Leges; aanvraag omgevingsvergunning voor de bouw van een vleesvarkensstal.

Belanghebbende beschikt niet over een aannemingssom of een voldoende onderbouwde reële raming van de bouwkosten. Derhalve mocht de heffingsambtenaar de bouwkosten berekenen aan de hand van de ROEB-lijst.
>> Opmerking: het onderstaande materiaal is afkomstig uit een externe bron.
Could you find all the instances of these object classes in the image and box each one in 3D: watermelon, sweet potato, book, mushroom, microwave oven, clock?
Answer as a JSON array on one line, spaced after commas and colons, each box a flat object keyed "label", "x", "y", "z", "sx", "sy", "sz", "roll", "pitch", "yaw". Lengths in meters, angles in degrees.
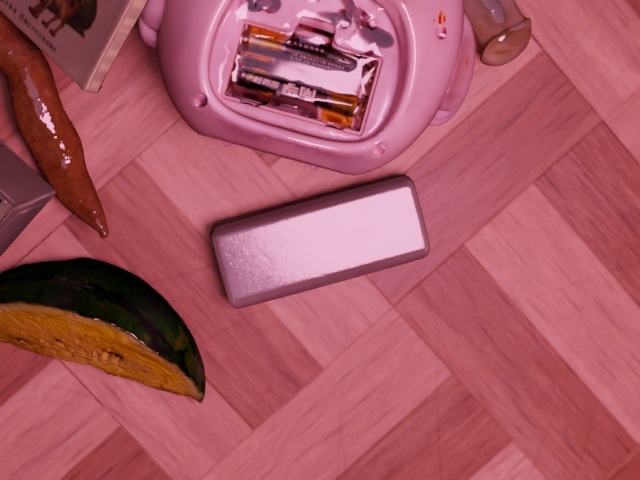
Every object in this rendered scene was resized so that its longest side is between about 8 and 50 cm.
[{"label": "watermelon", "x": -0.264, "y": 0.098, "z": 1.571, "sx": 0.301, "sy": 0.123, "sz": 0.129, "roll": 17, "pitch": 116, "yaw": -5}, {"label": "sweet potato", "x": -0.307, "y": -0.130, "z": 1.552, "sx": 0.067, "sy": 0.059, "sz": 0.281, "roll": -18, "pitch": 102, "yaw": 41}, {"label": "book", "x": -0.228, "y": -0.374, "z": 1.427, "sx": 0.260, "sy": 0.043, "sz": 0.371, "roll": 43, "pitch": 112, "yaw": 25}, {"label": "mushroom", "x": 0.187, "y": -0.309, "z": 1.568, "sx": 0.092, "sy": 0.081, "sz": 0.223, "roll": -7, "pitch": 97, "yaw": 1}, {"label": "microwave oven", "x": -0.414, "y": -0.014, "z": 1.494, "sx": 0.129, "sy": 0.163, "sz": 0.205, "roll": 43, "pitch": 101, "yaw": -2}, {"label": "clock", "x": 0.000, "y": -0.264, "z": 1.469, "sx": 0.368, "sy": 0.250, "sz": 0.377, "roll": 15, "pitch": 95, "yaw": -7}]

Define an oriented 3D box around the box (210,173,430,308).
[{"label": "box", "x": 0.000, "y": 0.000, "z": 1.599, "sx": 0.243, "sy": 0.055, "sz": 0.103, "roll": -15, "pitch": 98, "yaw": -3}]
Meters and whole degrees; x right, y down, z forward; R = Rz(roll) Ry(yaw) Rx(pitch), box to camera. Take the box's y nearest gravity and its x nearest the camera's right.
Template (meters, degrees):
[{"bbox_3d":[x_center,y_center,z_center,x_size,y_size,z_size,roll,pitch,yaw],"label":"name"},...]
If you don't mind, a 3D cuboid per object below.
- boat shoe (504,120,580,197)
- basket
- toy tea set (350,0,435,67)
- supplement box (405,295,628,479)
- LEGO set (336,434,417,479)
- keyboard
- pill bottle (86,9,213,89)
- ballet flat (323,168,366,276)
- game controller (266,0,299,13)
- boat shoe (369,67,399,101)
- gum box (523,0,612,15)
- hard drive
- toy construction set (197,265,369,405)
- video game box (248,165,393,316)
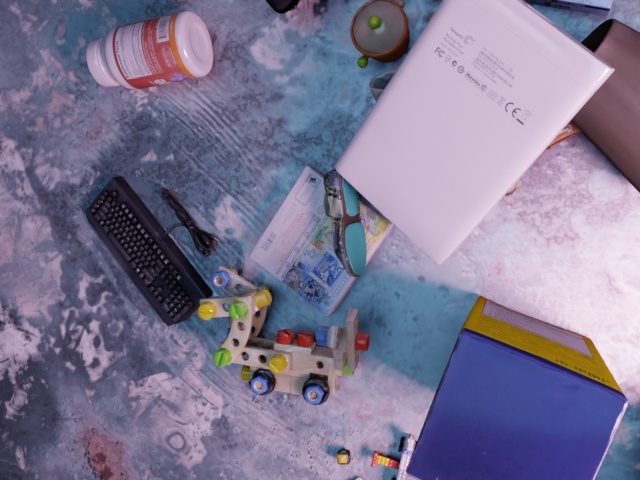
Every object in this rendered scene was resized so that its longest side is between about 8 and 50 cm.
[{"bbox_3d":[0.269,-0.118,0.969,0.324,0.123,0.116,-40,82,17],"label":"boat shoe"},{"bbox_3d":[0.450,-0.189,0.856,0.227,0.154,0.204,35,93,-2],"label":"basket"},{"bbox_3d":[0.142,-0.443,0.994,0.200,0.124,0.335,-5,90,18],"label":"toy tea set"},{"bbox_3d":[0.269,0.220,0.852,0.194,0.357,0.195,22,98,17],"label":"supplement box"},{"bbox_3d":[0.132,0.456,1.065,0.183,0.060,0.244,-36,81,12],"label":"LEGO set"},{"bbox_3d":[-0.326,0.000,1.211,0.201,0.033,0.317,-43,80,14],"label":"keyboard"},{"bbox_3d":[-0.324,-0.353,1.152,0.216,0.121,0.121,-5,90,19],"label":"pill bottle"},{"bbox_3d":[0.037,-0.031,1.035,0.070,0.070,0.188,-5,88,18],"label":"ballet flat"},{"bbox_3d":[0.013,-0.529,1.031,0.067,0.166,0.319,36,107,-27],"label":"game controller"},{"bbox_3d":[0.198,-0.226,0.931,0.303,0.094,0.109,0,56,45],"label":"boat shoe"},{"bbox_3d":[0.399,-0.462,0.954,0.157,0.041,0.184,17,98,17],"label":"gum box"},{"bbox_3d":[0.194,-0.166,0.869,0.233,0.047,0.353,45,124,15],"label":"hard drive"},{"bbox_3d":[-0.057,0.171,1.068,0.328,0.151,0.214,9,103,30],"label":"toy construction set"},{"bbox_3d":[0.000,0.000,1.096,0.187,0.048,0.205,37,102,15],"label":"video game box"}]
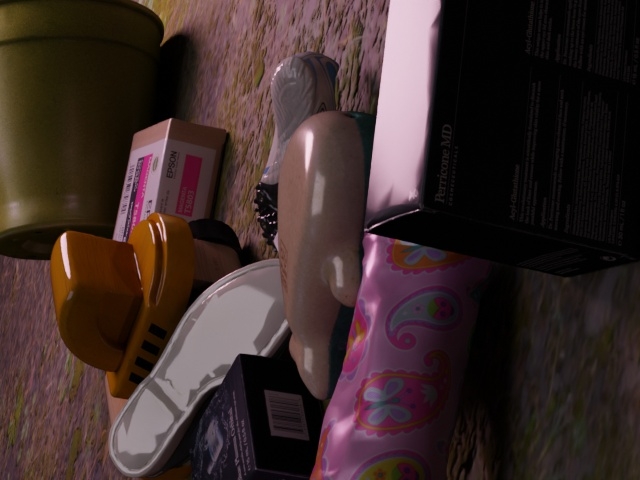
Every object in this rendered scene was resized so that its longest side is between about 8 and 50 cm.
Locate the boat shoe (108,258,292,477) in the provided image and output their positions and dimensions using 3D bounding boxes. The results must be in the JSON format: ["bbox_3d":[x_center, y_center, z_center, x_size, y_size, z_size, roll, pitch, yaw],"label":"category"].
[{"bbox_3d":[-0.113,0.147,1.604,0.319,0.099,0.116,-49,59,14],"label":"boat shoe"}]

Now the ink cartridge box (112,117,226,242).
[{"bbox_3d":[-0.222,-0.044,1.988,0.193,0.088,0.234,170,111,-66],"label":"ink cartridge box"}]

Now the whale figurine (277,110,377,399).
[{"bbox_3d":[0.034,0.013,1.336,0.216,0.141,0.272,-124,37,-68],"label":"whale figurine"}]

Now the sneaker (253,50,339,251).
[{"bbox_3d":[-0.018,-0.096,1.585,0.085,0.086,0.237,26,116,39],"label":"sneaker"}]

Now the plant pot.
[{"bbox_3d":[-0.418,-0.161,2.223,0.366,0.366,0.353,-30,63,60],"label":"plant pot"}]

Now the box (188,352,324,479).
[{"bbox_3d":[-0.066,0.232,1.483,0.156,0.093,0.158,-102,32,-45],"label":"box"}]

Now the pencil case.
[{"bbox_3d":[0.067,0.126,1.157,0.124,0.124,0.284,-29,43,60],"label":"pencil case"}]

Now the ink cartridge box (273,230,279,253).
[{"bbox_3d":[0.000,0.000,1.501,0.088,0.052,0.122,-67,27,23],"label":"ink cartridge box"}]

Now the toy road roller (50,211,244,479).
[{"bbox_3d":[-0.230,0.118,1.725,0.329,0.240,0.202,-65,26,27],"label":"toy road roller"}]

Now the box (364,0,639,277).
[{"bbox_3d":[0.146,-0.120,1.062,0.103,0.184,0.261,-20,59,63],"label":"box"}]
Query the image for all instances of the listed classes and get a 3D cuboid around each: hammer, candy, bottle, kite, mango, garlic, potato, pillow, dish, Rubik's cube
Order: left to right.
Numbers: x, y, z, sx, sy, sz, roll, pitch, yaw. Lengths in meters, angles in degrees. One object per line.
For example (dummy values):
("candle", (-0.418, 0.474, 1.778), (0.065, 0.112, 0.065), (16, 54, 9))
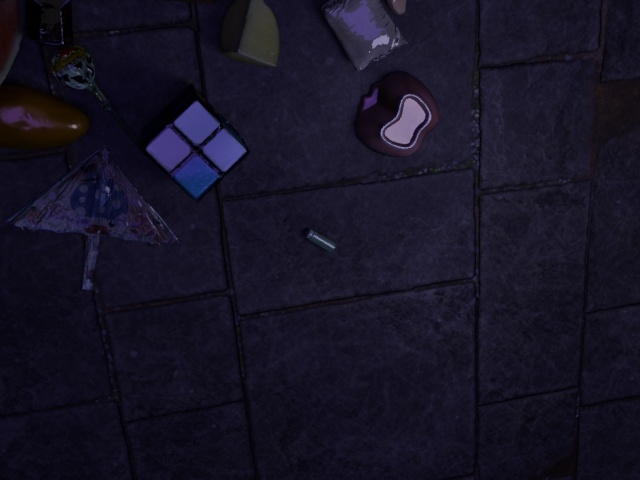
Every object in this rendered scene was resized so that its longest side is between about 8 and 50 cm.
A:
("mango", (-0.630, -0.265, 1.599), (0.254, 0.113, 0.138), (2, 111, -15))
("kite", (-0.531, -0.046, 1.760), (0.406, 0.014, 0.368), (7, 108, -15))
("candy", (-0.484, -0.299, 1.651), (0.091, 0.083, 0.305), (-34, 122, 0))
("hammer", (-0.413, -0.538, 1.565), (0.409, 0.095, 0.242), (-4, 119, -19))
("Rubik's cube", (-0.283, -0.221, 1.659), (0.167, 0.183, 0.180), (-42, 115, 6))
("potato", (-0.151, -0.473, 1.667), (0.120, 0.081, 0.149), (13, 91, -48))
("bottle", (0.000, 0.000, 1.889), (0.083, 0.030, 0.030), (30, 101, -20))
("pillow", (0.094, -0.497, 1.695), (0.134, 0.078, 0.181), (-33, 113, 2))
("garlic", (0.177, -0.563, 1.710), (0.053, 0.041, 0.083), (-11, 121, -23))
("dish", (0.194, -0.292, 1.788), (0.214, 0.090, 0.213), (-5, 112, -11))

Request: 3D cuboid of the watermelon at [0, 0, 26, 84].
("watermelon", (-0.720, -0.437, 1.486), (0.256, 0.176, 0.260), (-10, 134, -24))

De enkele omstandigheid dat de werkelijke bouwkosten mogelijk lager zijn dan de bouwkosten volgens de ROEB-lijst, leidt niet tot de conclusie dat sprake is van een onredelijke of willekeurige heffing.

Uitspraak

Belastingrecht, enkelvoudige kamer

Locatie: Breda

Zaaknummer AWB 14/2875

uitspraak van 3 april 2015

Uitspraak als bedoeld in afdeling 8.2.6 van de Algemene wet bestuursrecht (Awb) in het geding tussen

[belanghebbende] , wonende te [woonplaats],

belanghebbende,

en

de heffingsambtenaar van de gemeente Oosterhout,

de heffingsambtenaar.

1 Ontstaan en loop van het geding

1.1.

De heffingsambtenaar heeft aan belanghebbende met dagtekening 23 september 2013 een bedrag aan bouwleges (hierna: de leges) in rekening gebracht van € 17.880 (notanummer [notanummer]).

1.2.

Bij uitspraak op bezwaar van 28 maart 2014 heeft de heffingsambtenaar de leges gehandhaafd.

1.3.

Belanghebbende heeft daartegen bij brief van 6 mei 2014, ontvangen bij de rechtbank op 7 mei 2014, beroep ingesteld. Ter zake van dit beroep heeft de griffier van belanghebbende een griffierecht geheven van € 45.

1.4.

De heffingsambtenaar heeft een verweerschrift ingediend.

1.5.

Belanghebbende heeft vóór de zitting nadere stukken ingediend. Deze stukken zijn in afschrift verstrekt aan de heffingsambtenaar.

1.6.

Het onderzoek ter zitting heeft plaatsgevonden op 30 oktober 2014 te Breda.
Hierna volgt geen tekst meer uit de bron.